Problem requirements: Retype the following data exactly, but leave its pictures out.

Exercise input:
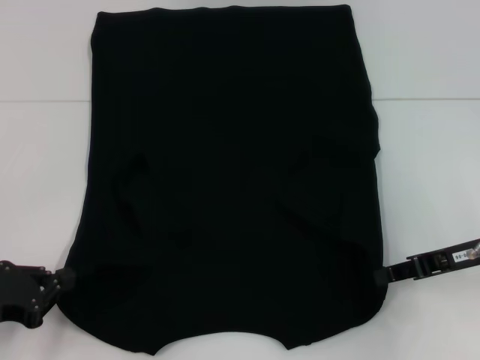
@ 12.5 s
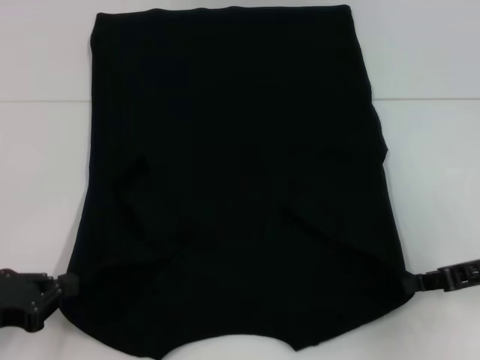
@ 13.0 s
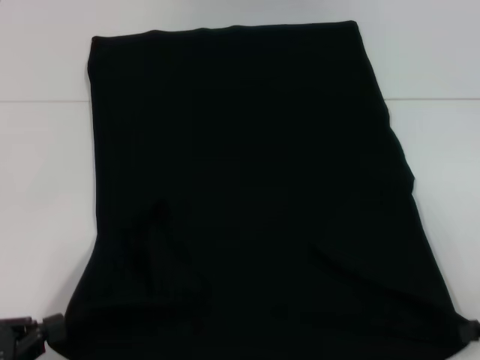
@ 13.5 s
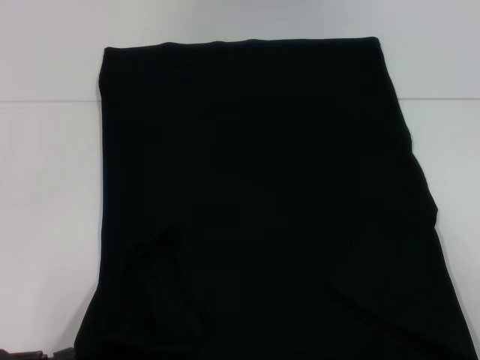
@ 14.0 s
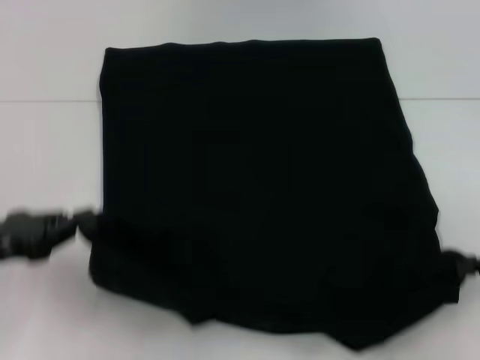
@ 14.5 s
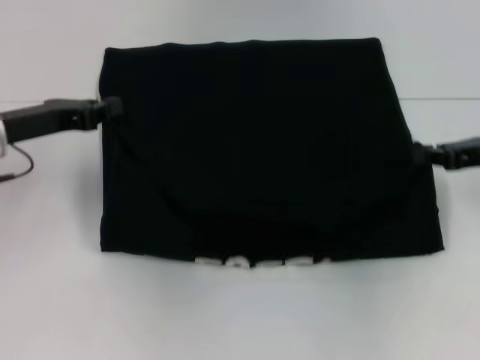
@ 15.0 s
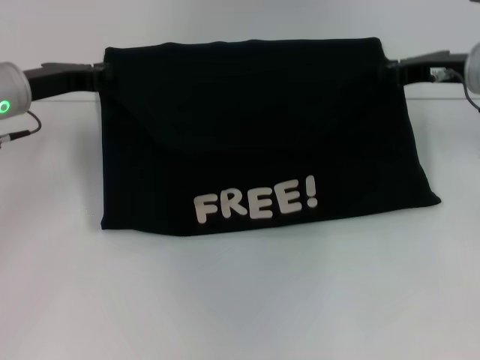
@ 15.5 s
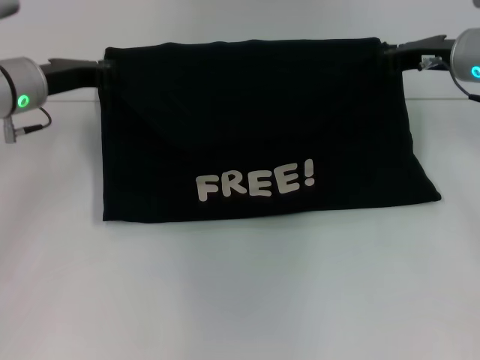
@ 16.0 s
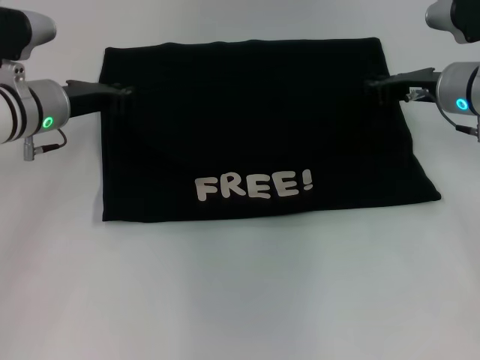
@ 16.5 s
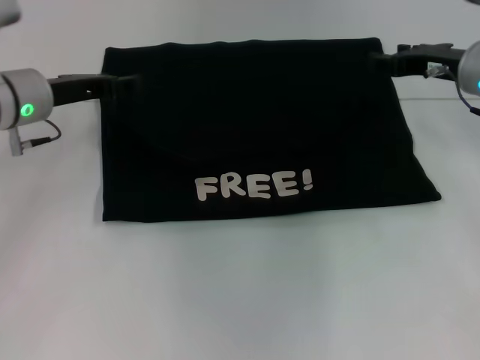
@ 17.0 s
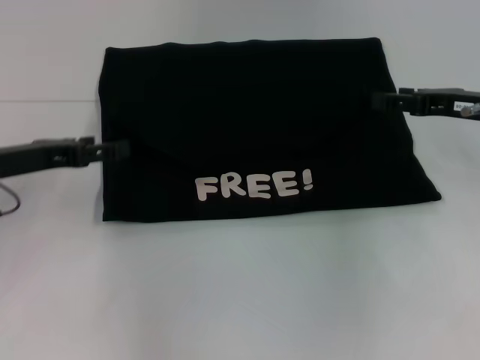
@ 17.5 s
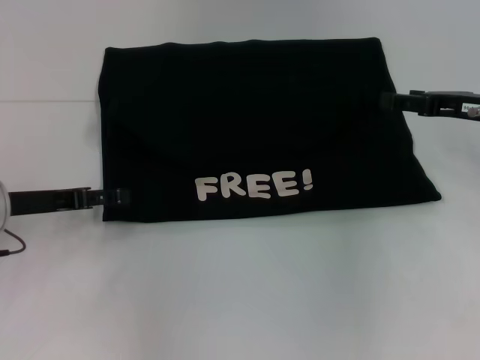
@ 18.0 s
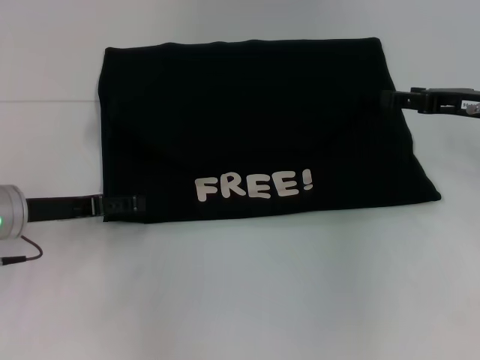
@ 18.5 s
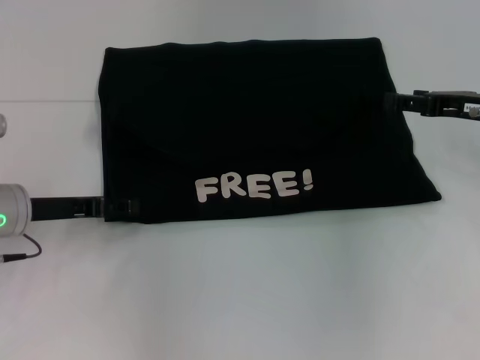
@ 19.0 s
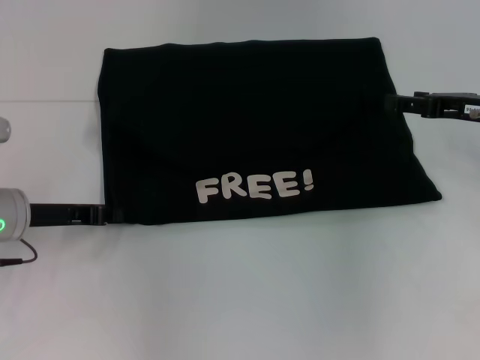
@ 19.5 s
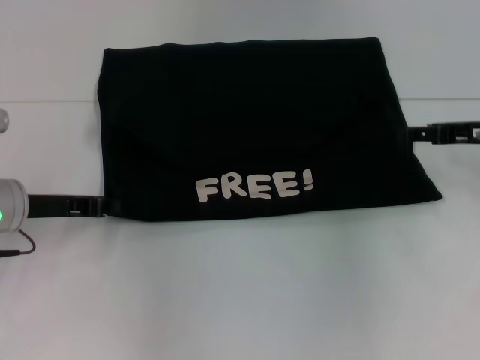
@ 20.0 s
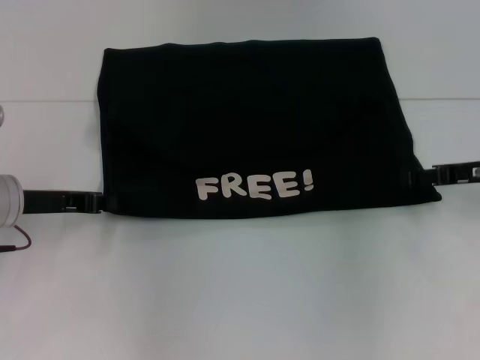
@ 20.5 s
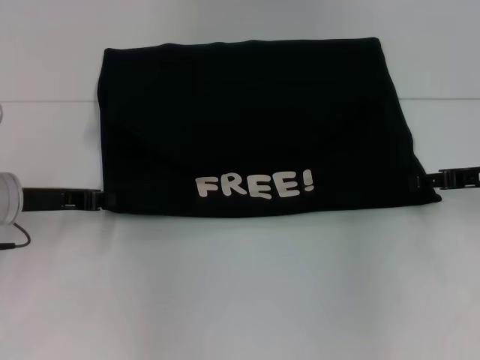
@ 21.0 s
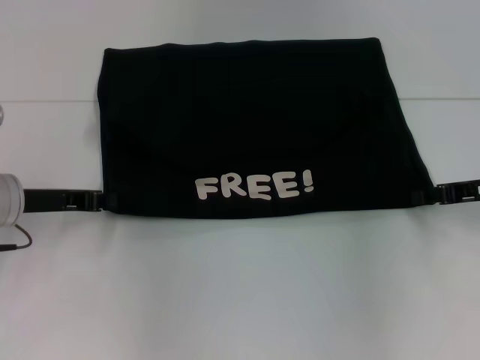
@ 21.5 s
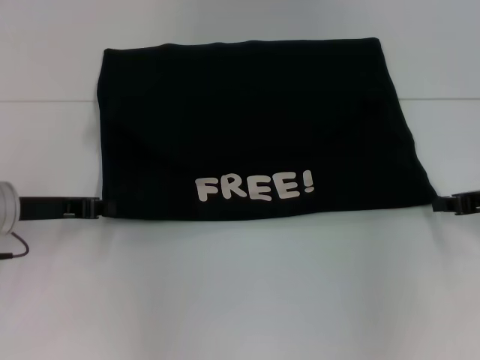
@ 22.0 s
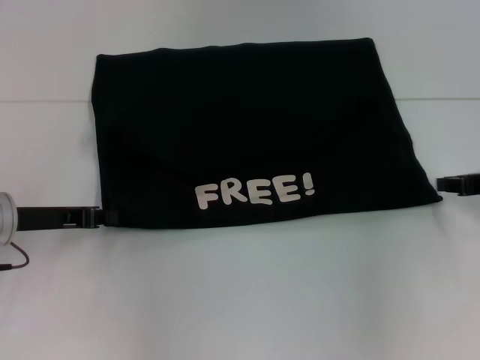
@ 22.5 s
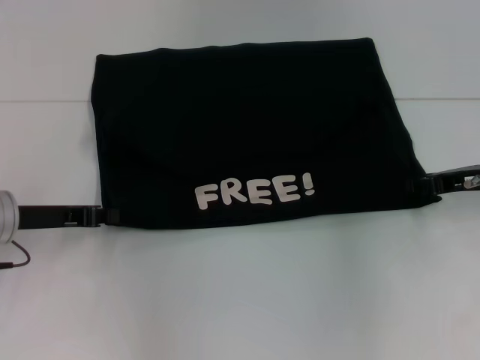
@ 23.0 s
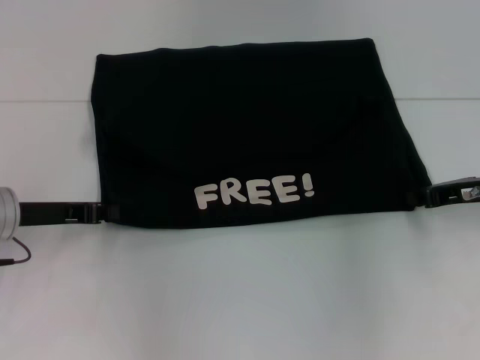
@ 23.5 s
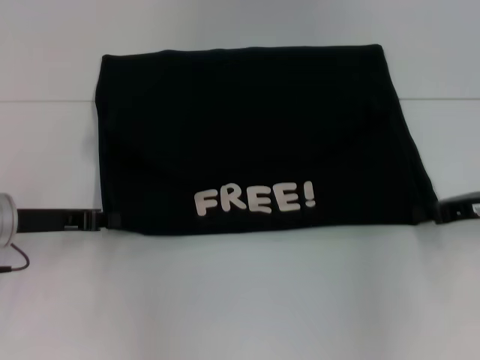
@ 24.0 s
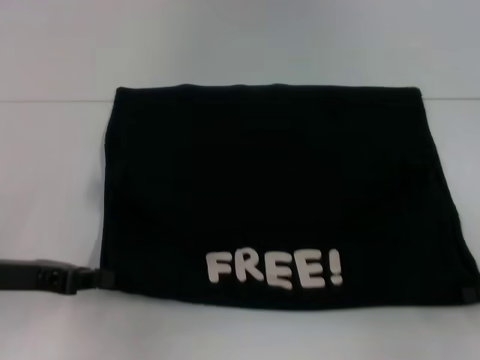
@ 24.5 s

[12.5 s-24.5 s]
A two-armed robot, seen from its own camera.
Step, 13.5 to 16.5 s: Fold the clothes with your left hand.
Step, 13.5 to 16.5 s: Fold the clothes with your right hand.
12.5 to 14.5 s: The right gripper is displaced to the right and backward by some 10 cm. The left gripper goes backward and returns, roughly 10 cm each way.
14.5 to 16.5 s: The left gripper goes some 20 cm forward and to the right, while the right gripper heads forward and to the left, covering about 25 cm.
16.5 to 18.5 s: The right gripper moves to the right, roughly 5 cm, and opens its fingers; the left gripper moves backward, approximately 10 cm, and opens up.
18.5 to 20.5 s: The left gripper closes.
20.5 to 22.5 s: The right gripper closes its fingers.
22.5 to 24.5 s: The right gripper moves backward, about 10 cm. The left gripper goes roughly 5 cm backward.

Response area:
@ 12.5 s
@ 13.0 s
@ 13.5 s
@ 14.0 s
@ 14.5 s
@ 15.0 s
@ 15.5 s
@ 16.0 s
@ 16.5 s
@ 17.0 s
@ 17.5 s
@ 18.0 s
@ 18.5 s
@ 19.0 s
@ 19.5 s
@ 20.0 s
@ 20.5 s
@ 21.0 s
@ 21.5 s
@ 22.0 s
@ 22.5 s
@ 23.0 s
@ 23.5 s
@ 24.0 s
@ 24.5 s

[12.5 s-24.5 s]
A two-armed robot, seen from its own camera.
Step, 13.5 to 16.5 s: Fold the clothes with your left hand.
Step, 13.5 to 16.5 s: Fold the clothes with your right hand.
12.5 to 14.5 s: The right gripper is displaced to the right and backward by some 10 cm. The left gripper goes backward and returns, roughly 10 cm each way.
14.5 to 16.5 s: The left gripper goes some 20 cm forward and to the right, while the right gripper heads forward and to the left, covering about 25 cm.
16.5 to 18.5 s: The right gripper moves to the right, roughly 5 cm, and opens its fingers; the left gripper moves backward, approximately 10 cm, and opens up.
18.5 to 20.5 s: The left gripper closes.
20.5 to 22.5 s: The right gripper closes its fingers.
22.5 to 24.5 s: The right gripper moves backward, about 10 cm. The left gripper goes roughly 5 cm backward.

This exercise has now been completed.